IV CBJA: Rios da cidade de São Paulo são enterrados vivos

José Bueno durante apresentação da oficina Rios e Ruas. Foto: Ricardo Bielel

Quando um paulistano é questionado sobre quais são os rios da cidade de São Paulo que ele se lembra, na maioria das vezes as respostas são Rio Tietê ou Rio Pinheiros; poluídos, sujos e mal cheirosos, os dois são sinônimos de anos de descaso com a natureza e o bem-estar da população, porém são visíveis na cidade e lembrados graças às enchentes frequentes que acontecem nas suas margens. José Bueno, organizador da oficina Rios e Ruas do IV Congresso Brasileiro de Jornalismo Ambiental, arquiteto e urbanista carioca radicado em São Paulo há muitos anos, responde sem pestanejar, surpreendendo a plateia, que há 1.500 quilômetros de rios, riachos e córregos espalhados pela maior metrópole do país, a maior parte deles foi enterrada viva e se tornou invisível aos olhos.

Embora sua oficina aborde a natureza urbana, que engloba rios, ruas, árvores, pessoas e a intrínseca relação desses fatores, o destaque da apresentação de José Bueno são os rios, pois ele se empenhou pessoalmente em desvendar os rios paulistanos. Ele brinca que seu sonho, praticamente utópico, é que os dez milhões de habitantes da cidade conheçam esses rios, mas, para isso, o paulistano terá que treinar seu olhar para enxergar além de onde os olhos alcançam. Algumas vezes, o cidadão terá até que levantar tampas de bueiros, pois a maior parte desses rios está escondida, canalizada sob ruas e avenidas.

“São Paulo esconde a natureza e possui um relevo totalmente distorcido. Rios tiveram seus cursos modificados, foram canalizados e vales foram aterrados, transformando a paisagem da cidade, a ponto de o paulistano achar que se acabaram os rios. Em São Paulo eles são cobertos, mas a pior cobertura é a dos olhos, que nos impede de ver os rios ao lado de casa”, apontou Bueno. “Para cuidar dos rios, é preciso vê-los. Certamente há um rio a 200 metros de cada casa, sem que as pessoas saibam”, completou.

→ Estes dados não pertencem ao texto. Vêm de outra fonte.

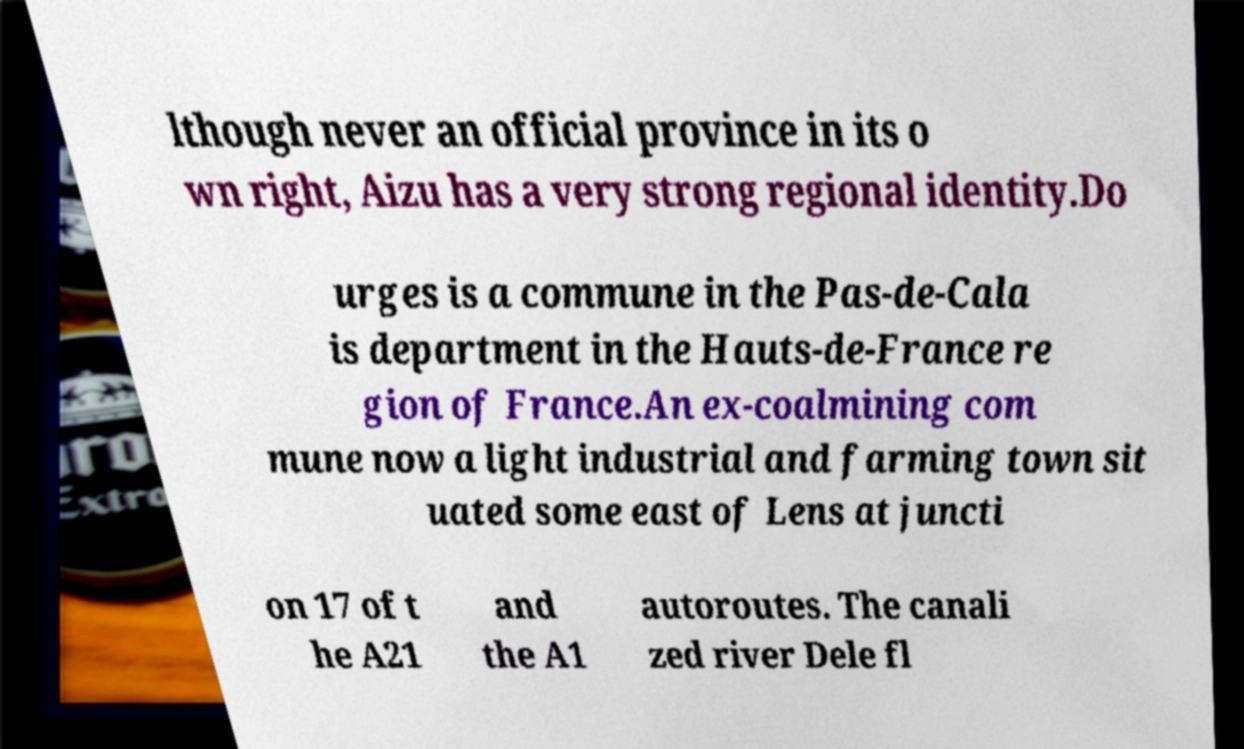Could you assist in decoding the text presented in this image and type it out clearly? lthough never an official province in its o wn right, Aizu has a very strong regional identity.Do urges is a commune in the Pas-de-Cala is department in the Hauts-de-France re gion of France.An ex-coalmining com mune now a light industrial and farming town sit uated some east of Lens at juncti on 17 of t he A21 and the A1 autoroutes. The canali zed river Dele fl

As avenidas 23 de Maio e Nove de Julho, por exemplo, duas das principais avenidas de São Paulo, foram construídas sobre rios canalizados, que desembocam no Rio Tietê. O Vale do Anhangabaú, no centro da cidade, tem esse nome devido ao Rio Anhangabaú, cuja nascente está localizada a duas quadras da Avenida Paulista, um dos símbolos do desenvolvimento da capital paulistana, que teve sua história demolida assim como as casas centenárias localizadas na avenida e que deram lugar a prédios e estacionamentos.

“Os rios em São Paulo estão sendo presos e torturados sem direito a defesa e o caos que São Paulo enfrenta com as enchentes é uma resposta da natureza para essa violência.” Segundo o arquiteto, o descaso vem de longe; os portugueses construíam suas casas com os fundos virados para os rios, pois o lixo, esgoto e tudo de sujo e feio era despejado neles. Bueno organizou uma expedição por três afluentes do Rio Pinheiros, os córregos do Sapateiro, Caaguaçú e Uberaba, onde teve a oportunidade de apontar os aspectos tecnológico, científico, ambiental e político, que são necessários conhecer para que se possa proteger o rio. “O córrego do Sapateiro, por exemplo, chega ao Parque do Ibirapuera poluído pelo esgoto clandestino e lixo; é tratado e despejado no Lago do Ibirapuera com a água limpa, mas quando sai do Parque volta a ser contaminado”, conta José Bueno.

As nascentes de alguns rios em São Paulo estão localizadas nas periferias da cidade. O sonho secreto de Bueno é que a população dessas áreas se torne a guardiã dessas nascentes.

* Publicado originalmente no site do IV Congresso de Jornalismo Ambiental.